ペパーミント精油の効能や使い方、お悩み別おすすめのブレンド精油など。

スーッとした清涼感あふれる香りで愛されているハーブ「ペパーミント」。
ペパーミントを水蒸気蒸留して抽出したペパーミント精油は、その爽快感からガムや歯磨き粉などのケア用品として、また、チョコレートやアイスクリームなどの食品、化粧品にも使われるなど、馴染み深いミントフレーバーです。
古くから食用としてだけでなく、香料や薬用として使用されてきたペパーミント精油は、気分がすぐれないときや、花粉対策など、すっきりしたいときにも大活躍の精油です。
ここでは、ペパーミント精油の効能や、使い方、ブレンドにおすすめの精油をお悩み別でご紹介します。
ペパーミントとは?

ミントは、ユーラシアやアフリカが原産の多年草で、繁殖力が旺盛で同属の植物と交雑しやすい植物で、ミントの代表的な品種であるペパーミントは、スペアミントとウォーターミントの自然交配によりできた品種です。
ミントの学名である「Mentha(メンタ)」は、ギリシャ神話に登場する「メンテー」という妖精の名前が由来であると言い伝えられています。
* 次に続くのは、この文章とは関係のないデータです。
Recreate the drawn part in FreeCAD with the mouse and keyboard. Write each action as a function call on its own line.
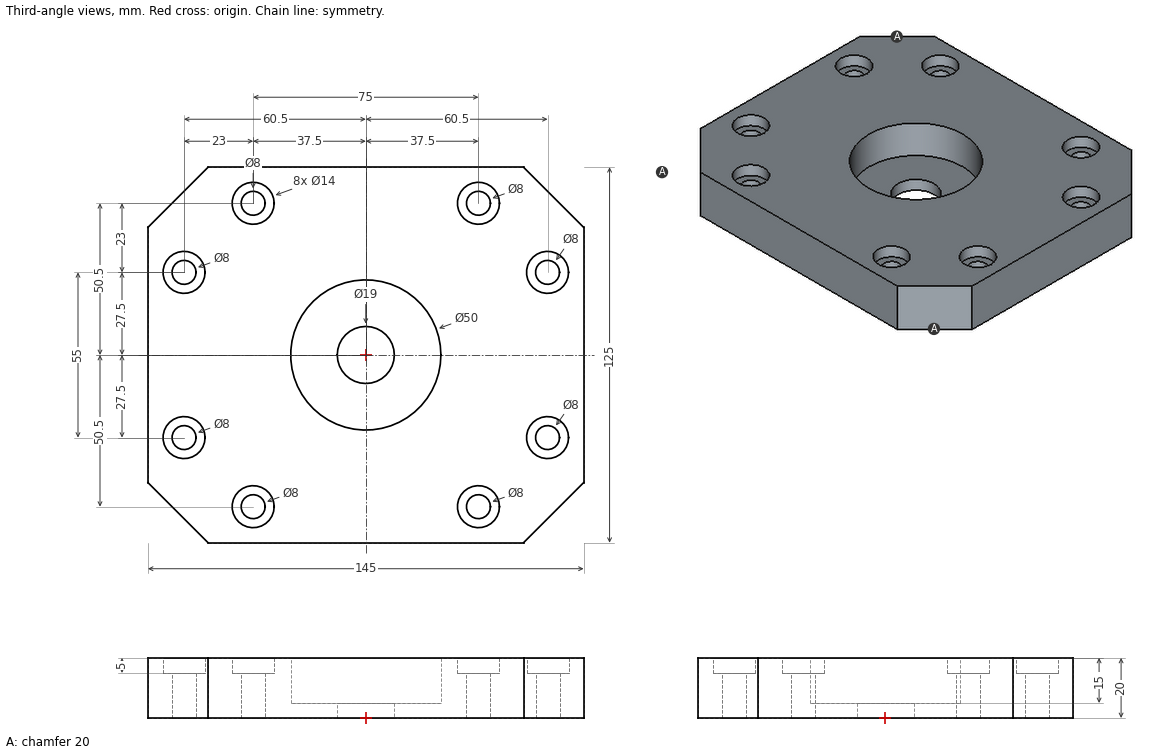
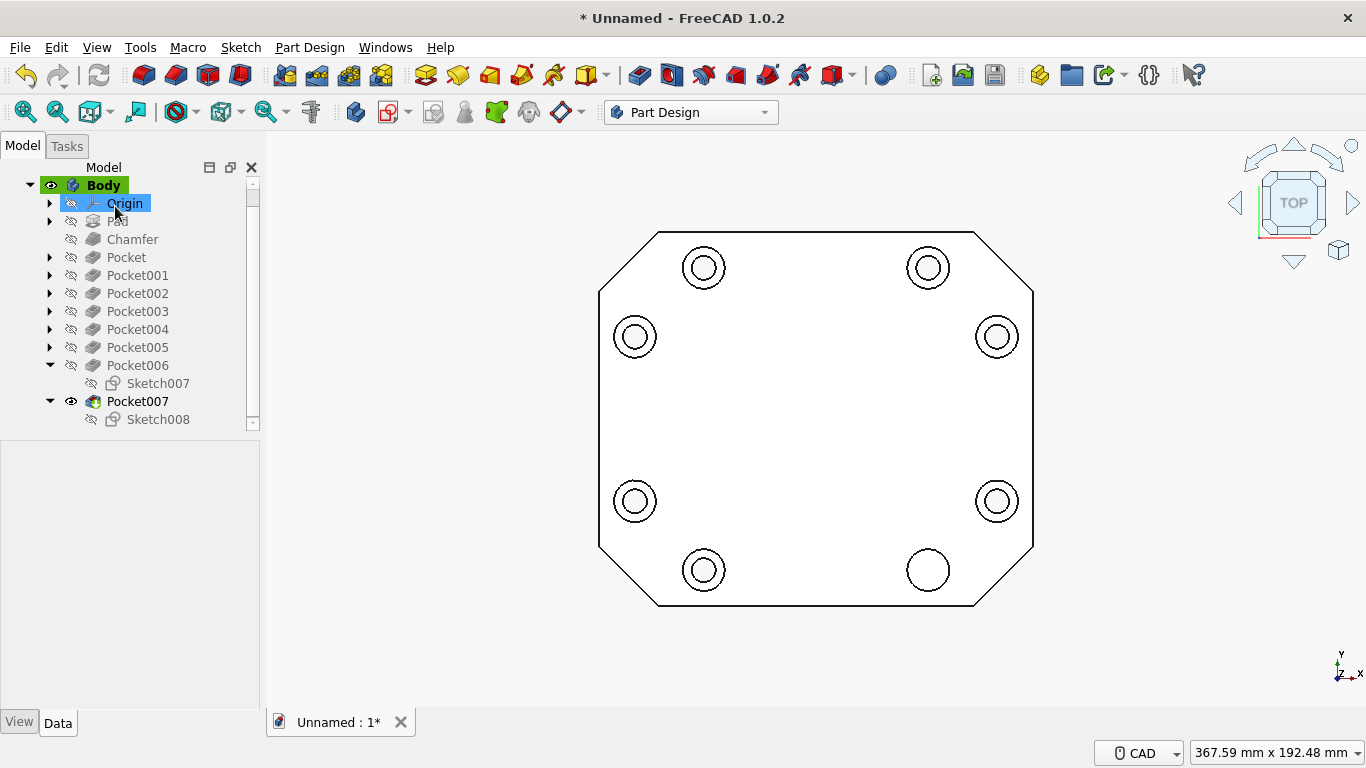
click(928, 569)

また、ペパーミントの学名である「Mentha piperita(メンタ ピペリタ)」は、ペパーミントを食すと、コショウのようにピリッとした味がするため「piperita(コショウの)」「Mentha(ミント)」という意味から名付けられたとされています。
古くから、食用だけでなく、薬用、香料としても使われ、古代エジプトでは儀式にミントを使用したり、古代ローマではペパーミントで編んだ冠をかぶって悪酔いするのを防いでいたといわれています。また、清涼感のある香りから14世紀にはタバコの消臭や、歯を白くするために使われていたとされています。
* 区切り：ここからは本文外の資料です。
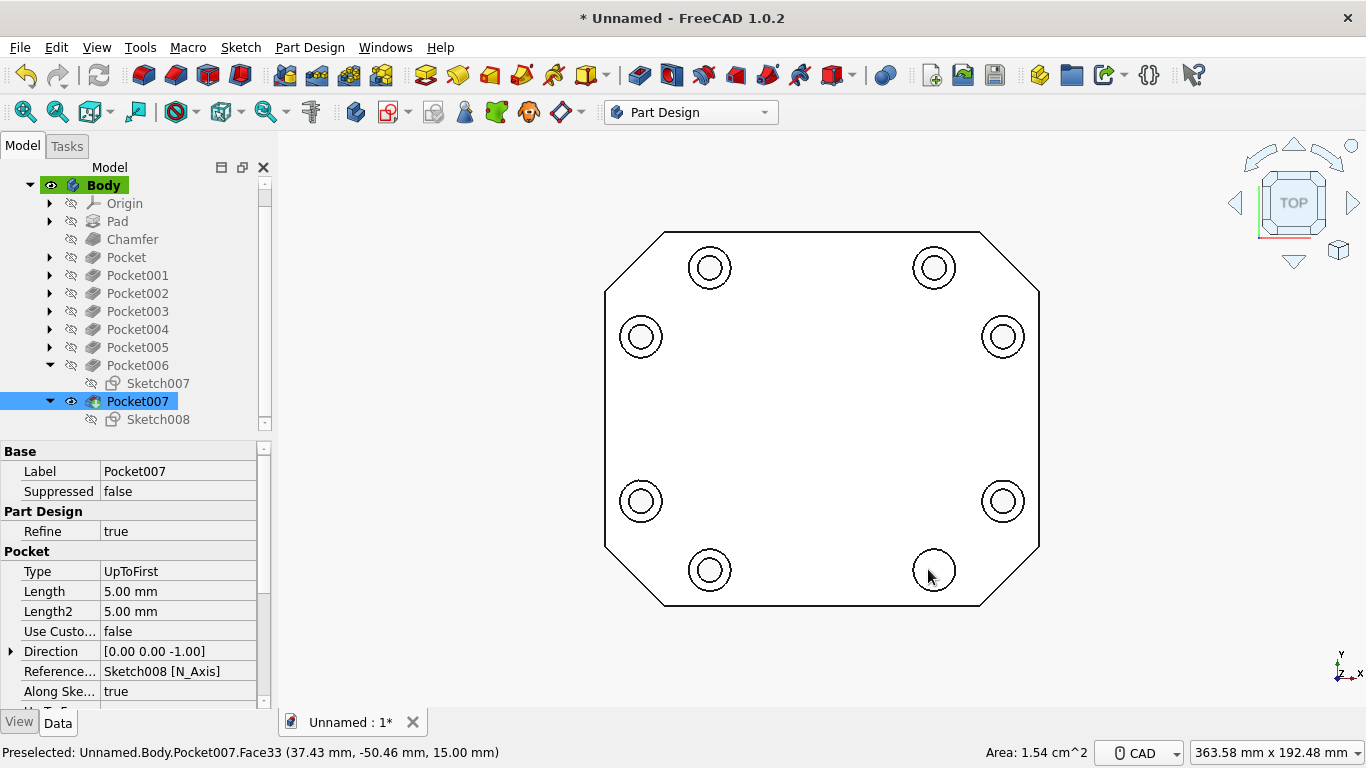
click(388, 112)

現在では、ハーブティーや、香味料としてガムやキャンディーなどに使用され、また、ペパーミント精油は、メントールを豊富に含み、アロマセラピーでは最も使われる精油のひとつです。
ペパーミントの香り
ペパーミント精油は、葉を水蒸気蒸留して抽出します。
香りの系統はハーバル系に属し、成分にメントールが含まれているため、清涼感のあるフレッシュで爽やかな香りが特徴で、爽やかさの中にほのかな甘さを感じられるのもペパーミントの魅力です。
香りの強さは中~強程度で、持続力は最初に強く引き立つ、トップ~ミドルノートです。
ペパーミント精油の成分・効能

ペパーミント精油の主な成分は、メントール、フラボノイド、タンニン、ミントポリフェノールなどです。
特に、清涼感を出すメントールを50~60%も含み、鎮痛・鎮痒・冷却・防腐作用などがあることから、湿布や軟膏など医療分野でも使用されています。
ペパーミント精油の効能を詳しくみてみましょう。
胃腸のはたらきを改善
ペパーミントには、消化液のひとつである胆汁の分泌促進を強化し、消化器の働きを促進させる効果があるとされ、胃もたれや胸やけ、吐き気などを緩和するのに効果的とされています。
また、胃の筋肉をリラックスさせ、胃痙攣を予防するはたらきや、過敏性腸症候群の症状を緩和する効果が期待されています。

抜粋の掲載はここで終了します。